Wakil Koordinator Lembaga Swadaya Masyarakat anti-korupsi Indonesia Corruption Watch Ade Irawan mengatakan, penelitian ICW menemukan partai politik mengkorupsi anggaran negara untuk menghidupi kegiatan-kegiatan politiknya. Ini karena sistem pendanaan di partai politik, terutama untuk keperluan kampanye, tidak berjalan semestinya. Sementara itu, aturan pendanaan kampanye partai milik Komisi Pemilihan Umum diperkirakan memiliki banyak celah. 

Partai Indonesia Gemar Mengaku Miskin


Indonesian Corruption Watch mencermati ada kejanggalan dalam laporan dana keuangan partai-partai politik. Laporan keuangan partai tidak mencerminkan pengeluaran partai yang sesungguhnya. “Kami amati, partai pendapatan mengaku kecil tapi pengeluaran besar,“ ungkap Wakil Koordinator lsm anti-rasuah tersebut. Ia menambahkan, partai-partai di Indonesia gemar mengaku miskin.

Anggota Badan Pengawas Pemilu Nelson Simanjuntak mengatakan, kejanggalan semacam itu bisa terjadi karena partai politik menggunakan celah peraturan laporan dana kampanya. Ia mencontohkan cara partai politik mengakali batasan penyumbang maksimal.

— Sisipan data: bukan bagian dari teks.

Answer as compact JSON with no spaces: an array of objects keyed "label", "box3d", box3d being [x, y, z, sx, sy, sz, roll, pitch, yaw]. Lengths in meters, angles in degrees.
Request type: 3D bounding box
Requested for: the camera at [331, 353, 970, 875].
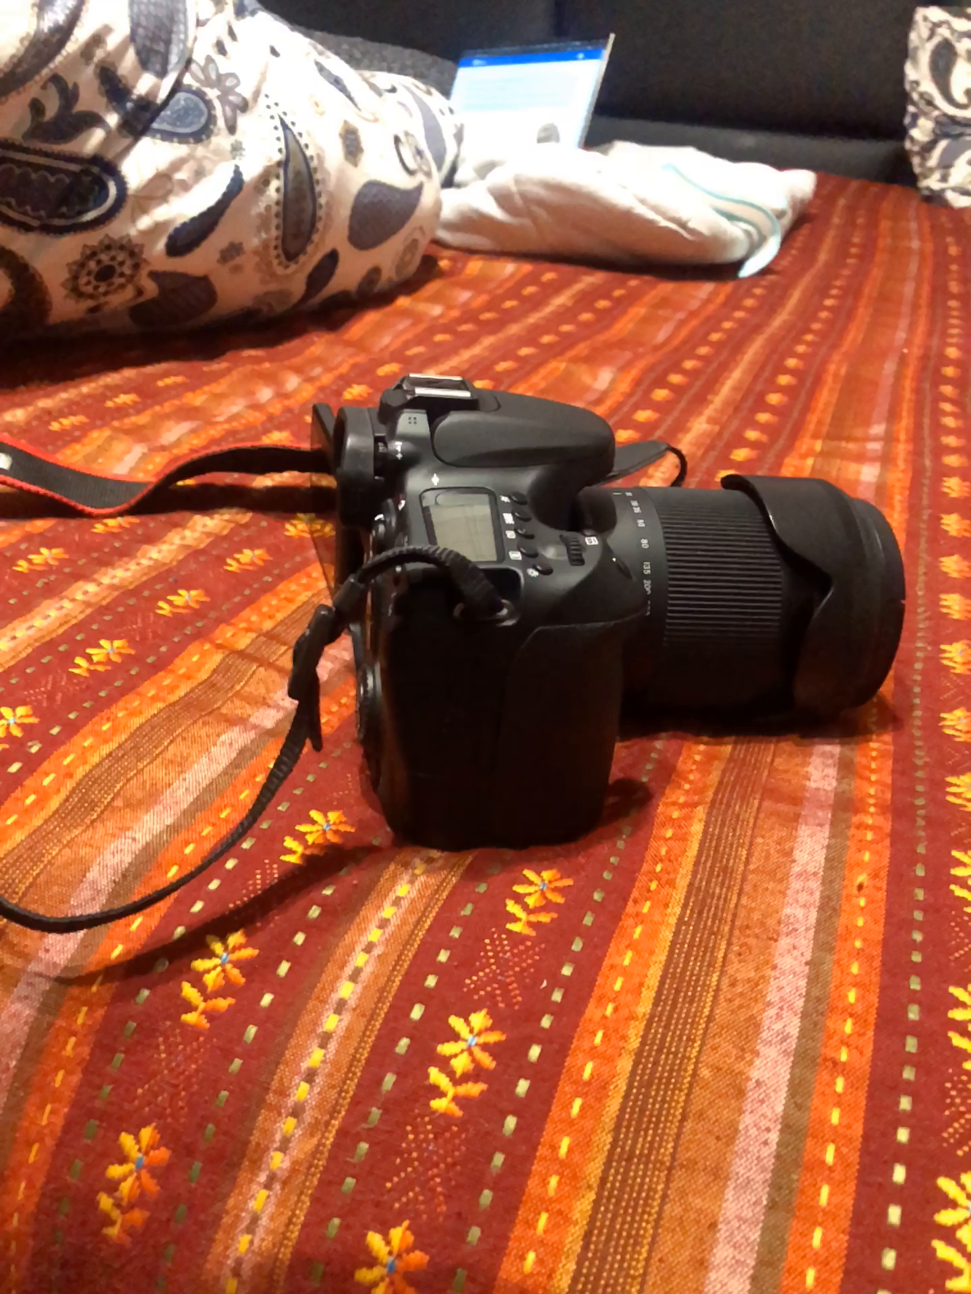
[{"label":"camera","box3d":[0.046,-0.022,0.334,0.170,0.099,0.131,-5,32,-14]}]
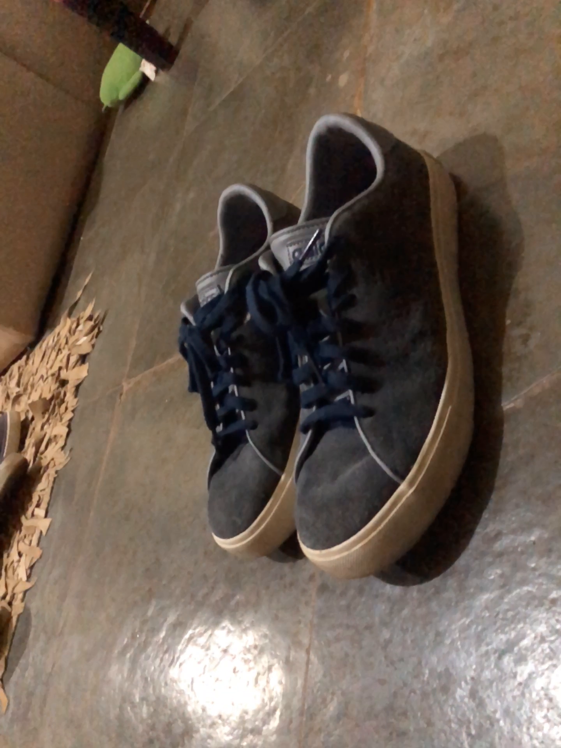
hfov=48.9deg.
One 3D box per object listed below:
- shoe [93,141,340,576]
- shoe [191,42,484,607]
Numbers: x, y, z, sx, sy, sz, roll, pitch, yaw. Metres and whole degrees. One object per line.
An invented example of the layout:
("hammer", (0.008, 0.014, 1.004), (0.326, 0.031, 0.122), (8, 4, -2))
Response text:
("shoe", (-0.037, -0.008, 0.425), (0.110, 0.080, 0.271), (-22, 53, 48))
("shoe", (0.040, -0.027, 0.347), (0.110, 0.080, 0.281), (-19, 55, 50))
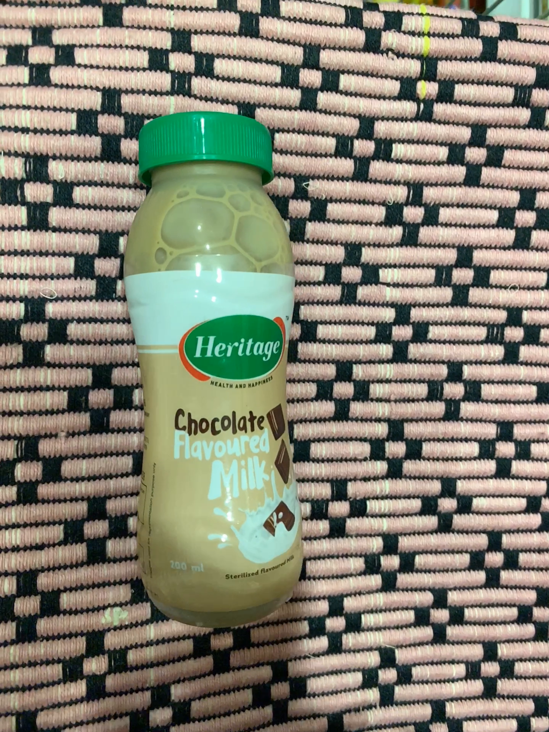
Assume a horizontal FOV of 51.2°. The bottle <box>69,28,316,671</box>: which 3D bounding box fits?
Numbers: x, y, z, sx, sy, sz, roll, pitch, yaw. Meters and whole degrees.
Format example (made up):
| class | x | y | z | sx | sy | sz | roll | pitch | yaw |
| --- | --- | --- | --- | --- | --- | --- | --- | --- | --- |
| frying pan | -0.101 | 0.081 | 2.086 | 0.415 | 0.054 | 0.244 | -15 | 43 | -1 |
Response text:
| class | x | y | z | sx | sy | sz | roll | pitch | yaw |
| --- | --- | --- | --- | --- | --- | --- | --- | --- | --- |
| bottle | -0.025 | -0.004 | 0.158 | 0.050 | 0.050 | 0.140 | -2 | 89 | -24 |
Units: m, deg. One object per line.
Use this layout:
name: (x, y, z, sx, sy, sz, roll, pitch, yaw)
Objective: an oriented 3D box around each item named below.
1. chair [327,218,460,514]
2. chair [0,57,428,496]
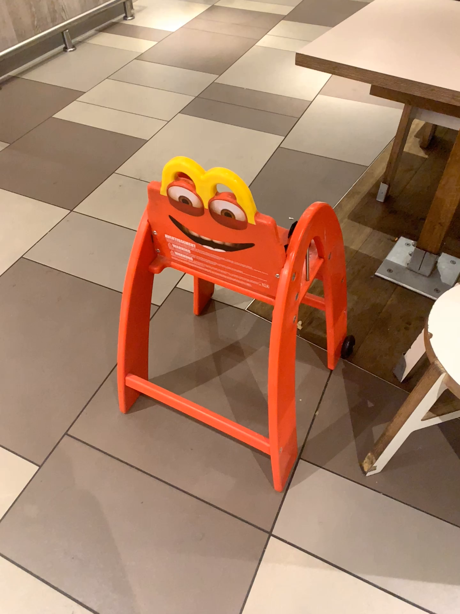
chair: (0.456, 0.133, 1.023, 0.321, 0.446, 0.373, 19, 52, 17)
chair: (0.006, -0.076, 1.078, 0.581, 0.654, 0.584, 19, 52, 17)
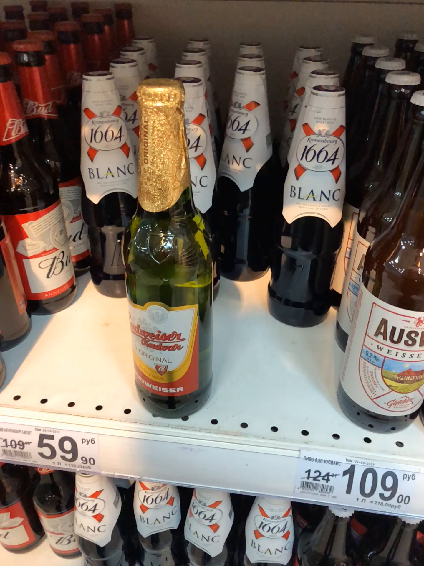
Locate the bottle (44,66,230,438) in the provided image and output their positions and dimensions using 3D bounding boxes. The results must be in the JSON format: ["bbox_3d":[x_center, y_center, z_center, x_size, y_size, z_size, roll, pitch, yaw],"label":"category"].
[{"bbox_3d":[-0.040,-0.009,0.339,0.080,0.254,0.070,15,38,20],"label":"bottle"}]
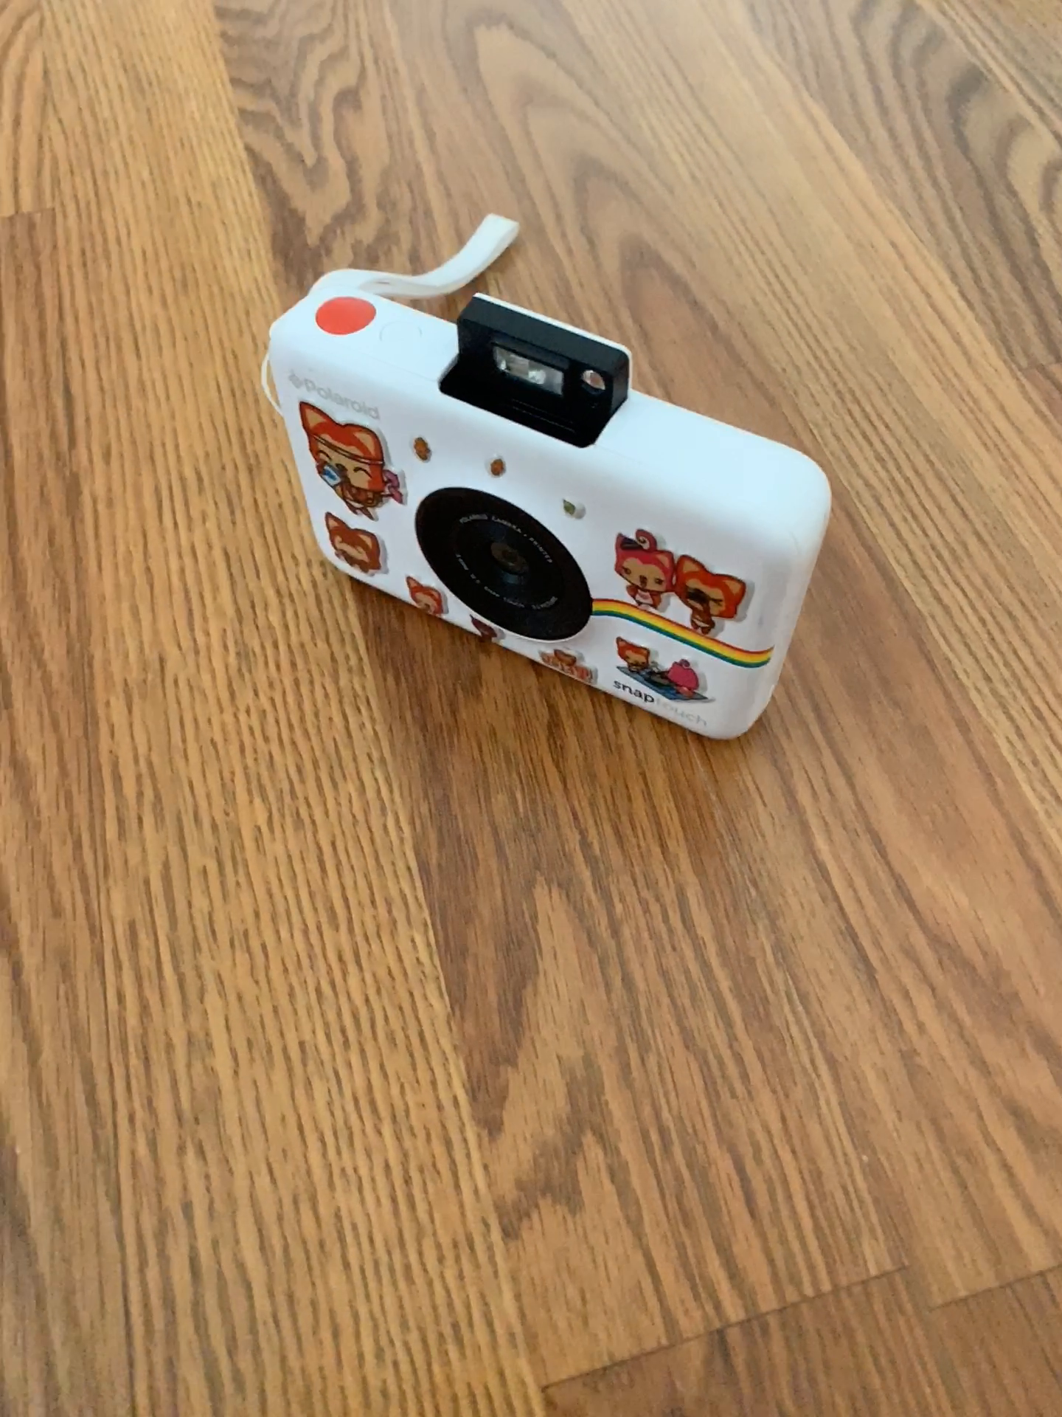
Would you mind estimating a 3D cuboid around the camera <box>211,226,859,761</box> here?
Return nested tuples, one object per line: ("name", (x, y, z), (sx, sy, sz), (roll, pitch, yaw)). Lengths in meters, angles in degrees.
("camera", (-0.002, -0.045, 0.241), (0.125, 0.081, 0.026), (25, 61, 17))
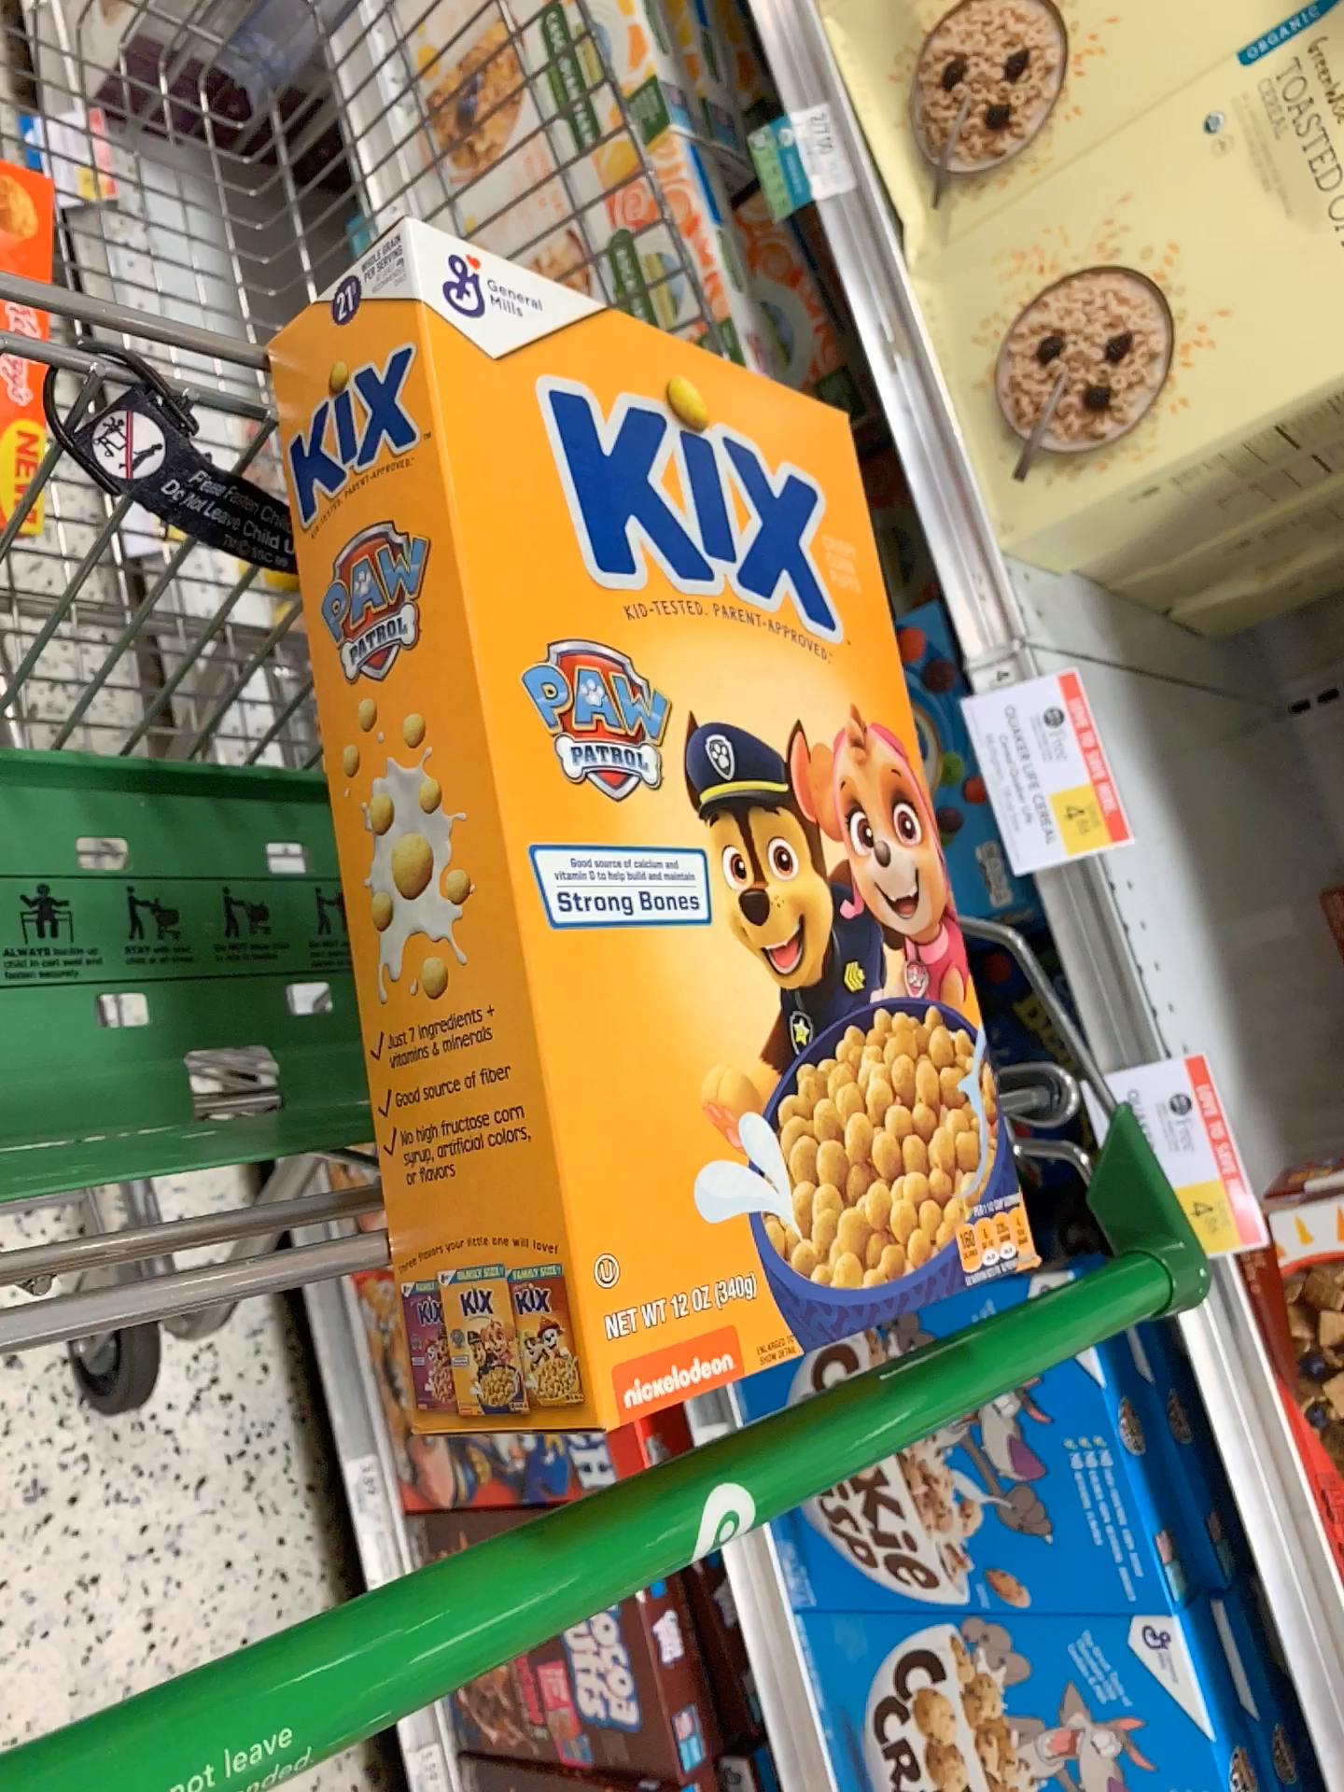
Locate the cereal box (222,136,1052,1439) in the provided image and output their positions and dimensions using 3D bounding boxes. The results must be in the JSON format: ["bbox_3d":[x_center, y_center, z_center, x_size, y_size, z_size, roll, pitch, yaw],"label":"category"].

“Perusahaan bisa lampaui batas sumbangan maksimal ke partai lewat anak perusahaannya,” kata Nelson. Ini karena aturan tidak terang membedakan sejauh mana pengertian perusahaan berbeda dengan grup perusahaan. Meskipun Komisi Pemilihan Umum membuat kemajuan dengan memaksa penyumbang perseorangan membeberkan identitas dan menyebut uang itu bukan hasil korupsi, ia mencermati partai masih mengakali celah itu dengan memecah uang sumbangan.

Wakil Koordinator Indonesia Corruption Watch Ade Irawan membenarkan hal itu. “Penyumbang biasanya dipecah-pecah. Ada sopir kepala dinas pernah menyumbang puluhan juta dalam pilkada Banten,” kata Ade mencontohkan.

Menuju Partai Politik Tanpa Korupsi

ICW mengaku pernah meneliti penyebab kader-kader partai melakukan korupsi di DPR. Wakil Koordinator ICW Ade Irawan mengatakan, kader berduit yang banyak menyumbang pada partai biasanya akan mendapatkan posisi strategis dalam struktur kepemimpinan. Sebaliknya, kader berkantong cekak tidak akan mendapat posisi strategis meskipun memiliki integritas baik. Ini menyusul sumber pendanaan partai yang hanya mengandalkan uang dari anggotanya di jabatan publik seperti parlemen.

“Idealnya partai didanai anggota dan konstituen sehingga mesti bertanggungjawab pada konstituen mereka,” tuturnya. Ia optimis korupsi akan semakin minim jika pendanaan partai dengan cara itu berhasil mencukupi kebutuhan partai. Namun, banyak partai enggan mendidik kadernya dan memilih jalan pintas dengan korupsi dan mencari dana dari pengusaha besar. Akibatnya, kandidat yang terpilih tersandera oleh pengusaha yang menyumbang dana. Ironisnya, tidak jarang pengusaha itu tengah haus berburu penerbitan-penerbitan izin.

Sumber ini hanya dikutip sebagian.